GRNEWS TV: Reforma tributária pressiona contas e reforça debate sobre justiça fiscal em Pará de Minas
Durante participação no videocast Papo com Geraldo Rodrigues, apresentado de segunda a sexta-feira, a partir das 13 horas, pelo canal GRNEWS no YouTube, Geraldo Magela de Almeida, o Geraldinho Cuíca, detalhou as principais metas para sua gestão na Câmara Municipal de Pará de Minas neste ano de 2026.
Incertezas no caixa e cautela nas decisões
O cenário econômico dos municípios segue cercado de dúvidas, especialmente diante da reforma tributária em discussão no país. A avaliação é de que prefeitos vivem um momento delicado: precisam manter serviços funcionando sem saber, com precisão, quanto efetivamente entrará nos cofres ao longo dos próximos meses. A preocupação existe, mas especialistas alertam que ansiedade excessiva pode levar a decisões precipitadas.
Município não pode viver só para pagar a folha
A realidade atual mostra que, sem reforço de emendas parlamentares e novas receitas, muitas cidades correm o risco de apenas administrar despesas obrigatórias, como a folha de pagamento. A lógica é simples: as demandas crescem diariamente, enquanto a arrecadação municipal depende de repasses federais e estaduais. Sem planejamento e apoio externo, sobra pouco espaço para investimentos.
Arrecadação tem critérios e não é aleatória
Apesar do temor de perdas com a reforma tributária, há um consenso de que o modelo não permitirá distorções extremas. A arrecadação é documentada, baseada em notas fiscais e dados oficiais, o que impede que recursos de um município sejam redistribuídos de forma injusta para outro. Ainda assim, o período de adaptação exige paciência, já que o próprio comitê gestor também enfrenta uma fase de aprendizado.
Impactos no planejamento dos próximos anos
A dificuldade em prever receitas afeta diretamente o planejamento.

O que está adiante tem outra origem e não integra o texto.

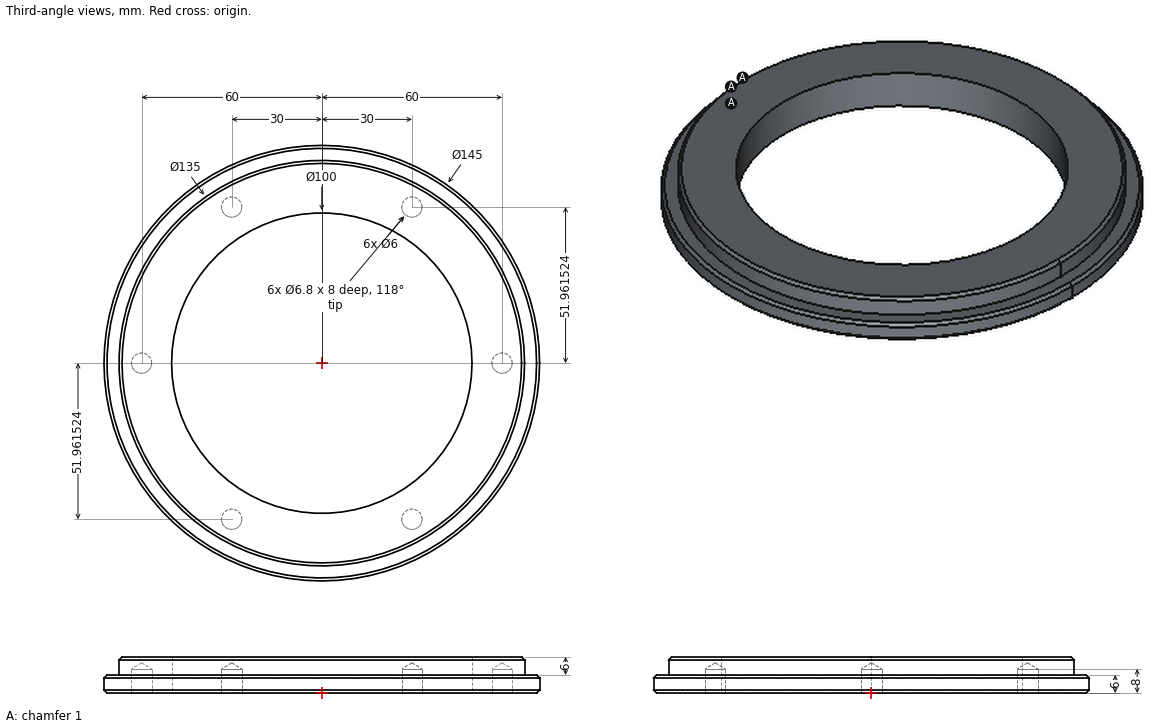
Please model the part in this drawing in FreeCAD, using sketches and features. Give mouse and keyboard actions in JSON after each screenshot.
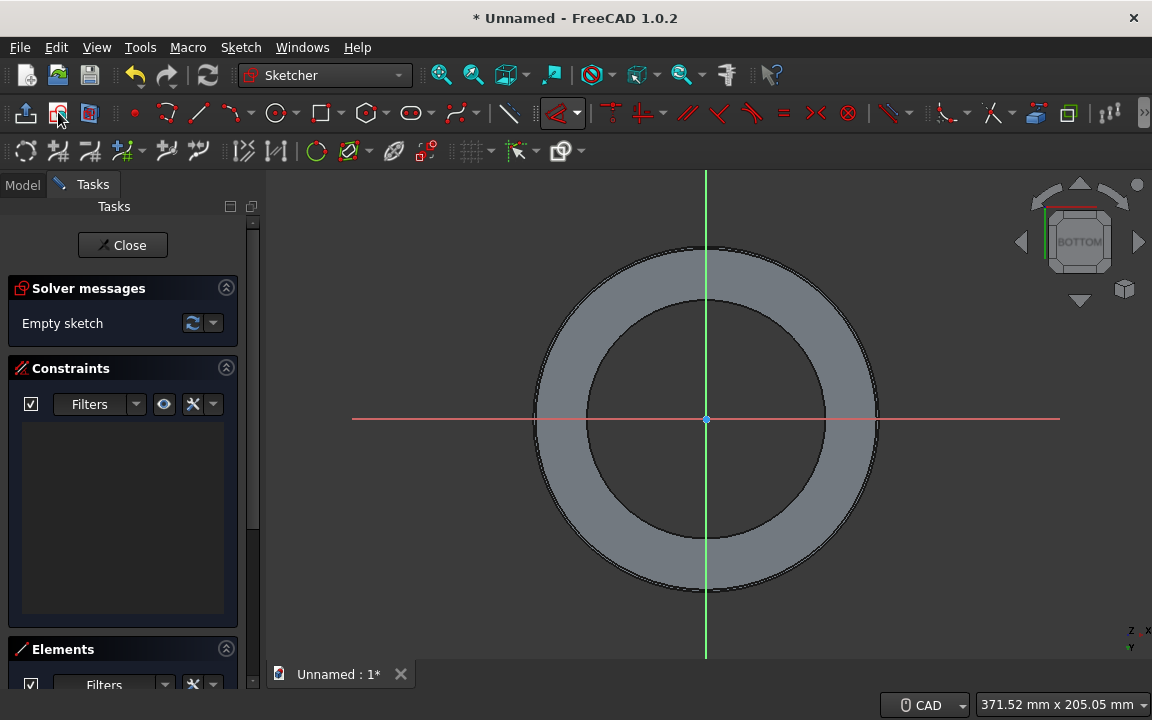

Há o receio de que 2026 ainda seja um ano de transição, com ações limitadas à manutenção da máquina pública. Só a partir de uma média mais clara de repasses será possível projetar investimentos com maior segurança para os anos seguintes.
População não pode pagar a conta sozinha
Um dos pontos mais sensíveis do debate envolve a possibilidade de aumento de tributos, como o IPTU. A crítica é direta: para o vereador a reforma tributária não pode servir de justificativa para repassar custos à população, especialmente às famílias de baixa renda, que dependem fortemente dos serviços públicos, como saúde, educação e vagas em creches.
Critérios técnicos e justiça fiscal
Defensores de ajustes tributários afirmam que correções só são legítimas quando baseadas em critérios técnicos, como a atualização da planta de valores, garantindo que todos paguem de forma justa em Pará de Minas. O erro está em usar o medo da reforma como argumento para onerar quem já enfrenta dificuldades financeiras.
Diálogo para garantir que a cidade funcione
Diante desse cenário, o fortalecimento do diálogo entre Prefeitura e Câmara surge como essencial. Independentemente de disputas políticas, o objetivo comum deve ser um só: garantir que a cidade funcione, com serviços públicos eficientes e decisões responsáveis, sempre colocando a população no centro das escolhas.